Dustin and John hit it off. And John told him there's this invention he dreamed up, a new kind of barbecue grill accessory.
He said, hey, I've got this idea for a grill scrubber. A lot of people don't know this, but when you clean your grill, a lot of people use these metal brushes. Yeah. And he explained, there's this problem that happens. They'll tell you they've had people come in the door that have this problem. The metal bristles on a grill scrubber.
Yeah, this is the thing where the barbecue scrubbers that look like, it's like a toilet brush scrubber, but it's more coarse and metal.
Yeah.
So those bristles, the little bristles.
Wires. Wire bristles will come off on the grill. and then they'll go into the food that people are grilling and then people eat the burger or whatever they're cooking. And then those bristles will get caught in their throat or go down to their stomach, their colon or whatever. So these metal wires get in people's mouths and they get seriously injured.

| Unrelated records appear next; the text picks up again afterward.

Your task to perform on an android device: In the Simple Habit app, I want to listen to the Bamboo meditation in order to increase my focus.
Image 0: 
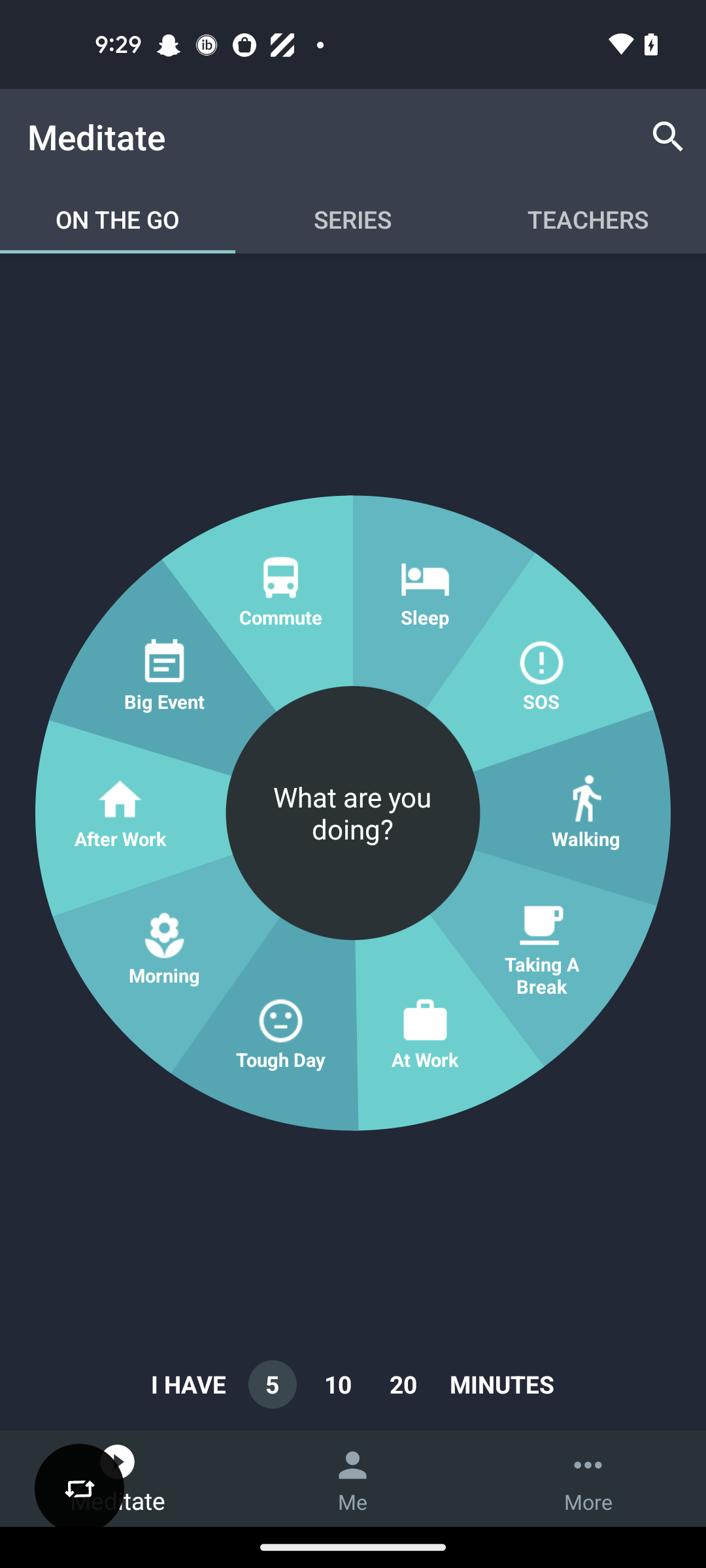
Click on the search icon at the top right corner of the screen 
Step 0: click (668, 137)
Image 1: 
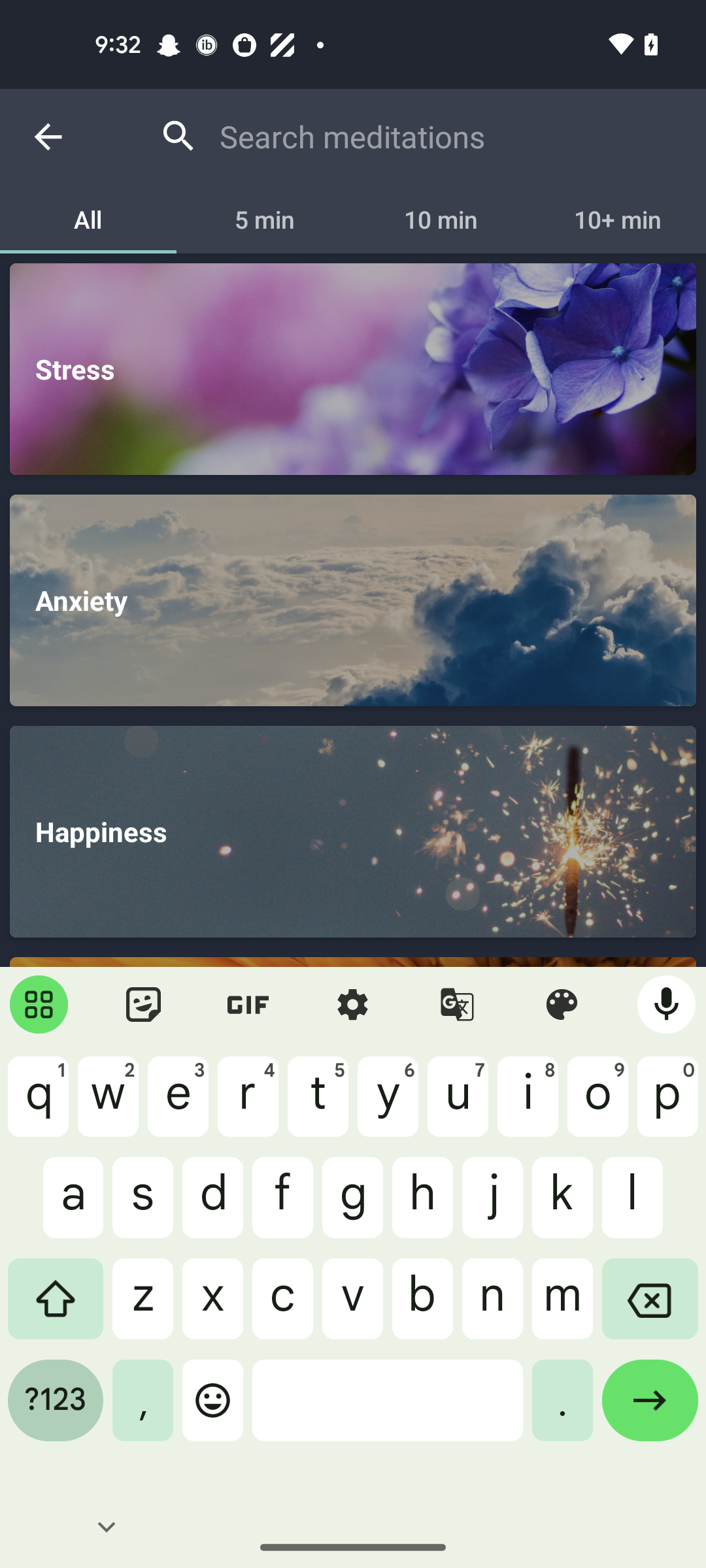
Enter a meditate as Bamboo
Step 1: type "Bamboo"
Image 2: 
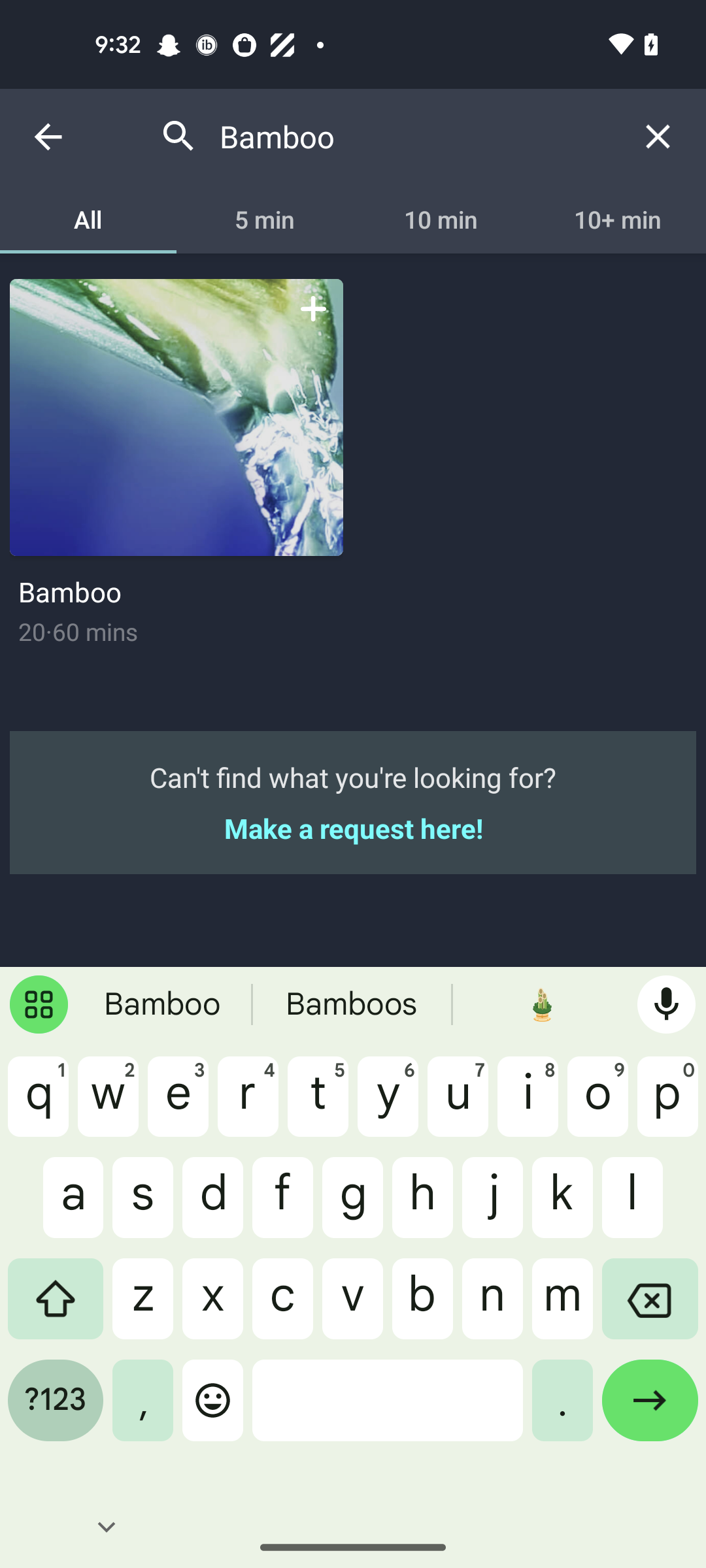
Click on the Bamboo tab 
Step 2: click (176, 417)
Image 3: 
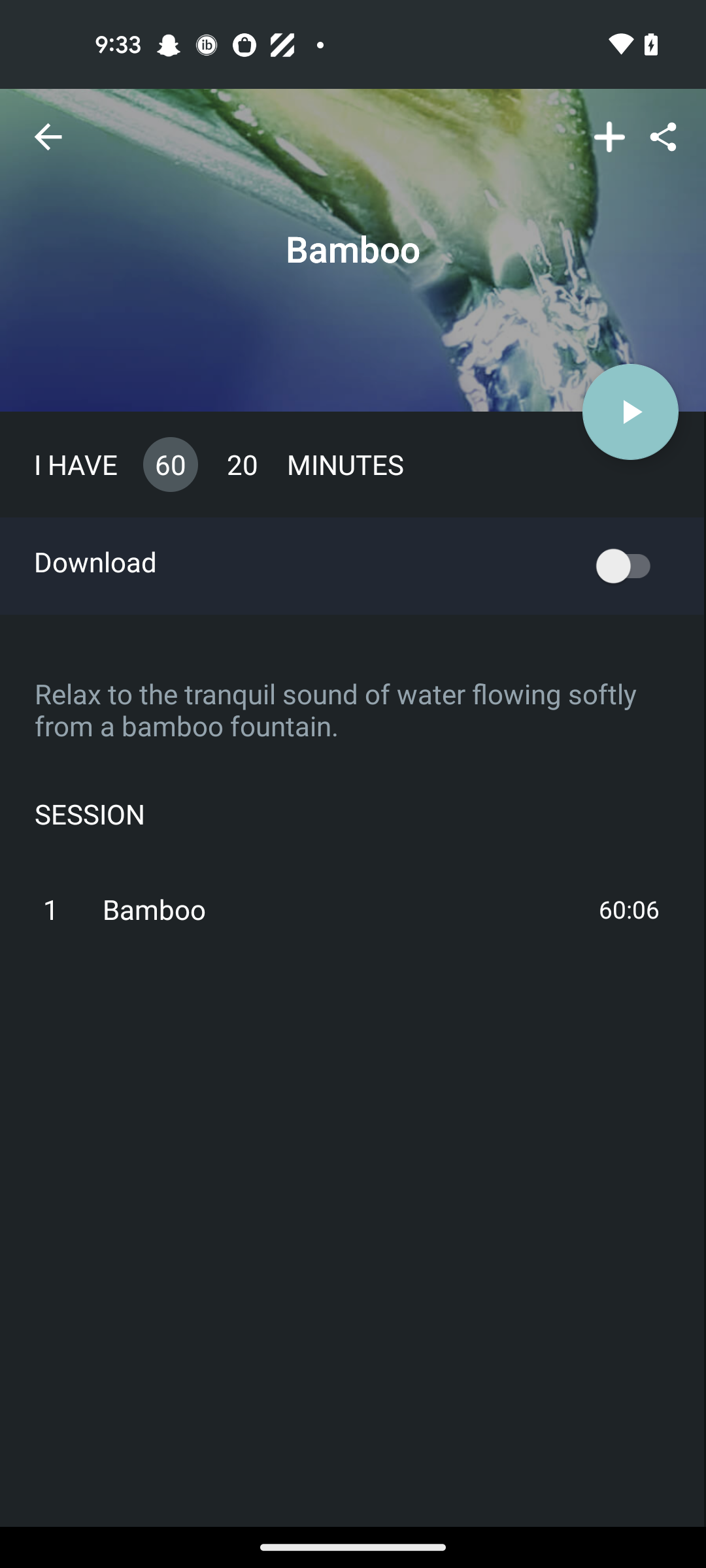
Click on the play button 
Step 3: click (630, 411)
Image 4: 
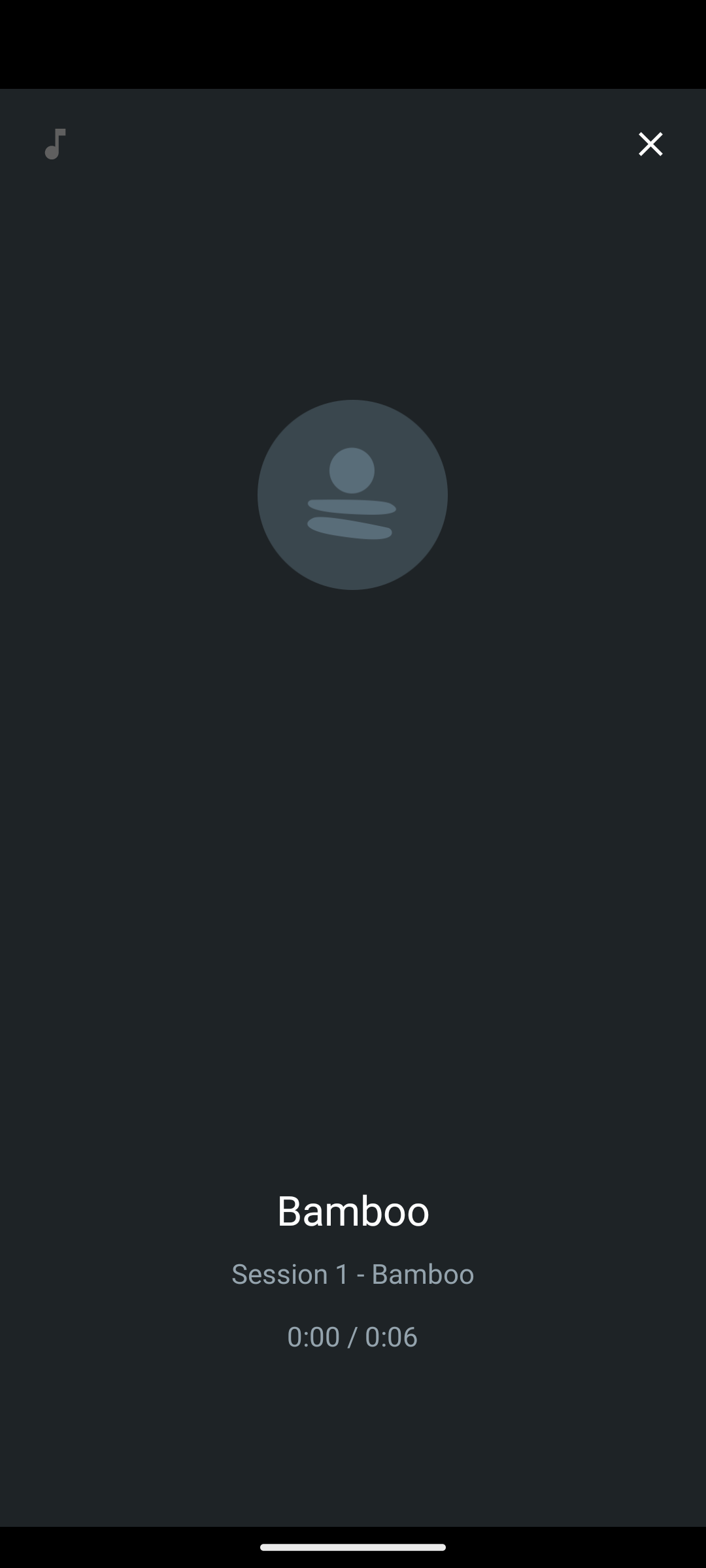
Click on the play button 
Step 4: wait

And it's not something you can just, oh, let me just get the wire out. You have to go to the doctor and you have to get it out. And one of the hardest things to do is even figure out that's what it is. So they have to do x-rays and a lot of times they'll do CT scans to figure out like, oh, there's a wire in this person. And so he said, hey, what if we invented one that didn't do that?
And he didn't really tell me his full idea at first. He was like, I just have this idea. And then later on, as we kind of gained trust with each other, he revealed to me he wants to make a chain mail grill scrubber. So instead of like brushes, like little wire brushes, he's got little links. You know, like a knight in shining armor wears chain mail. You know what I'm talking about, right?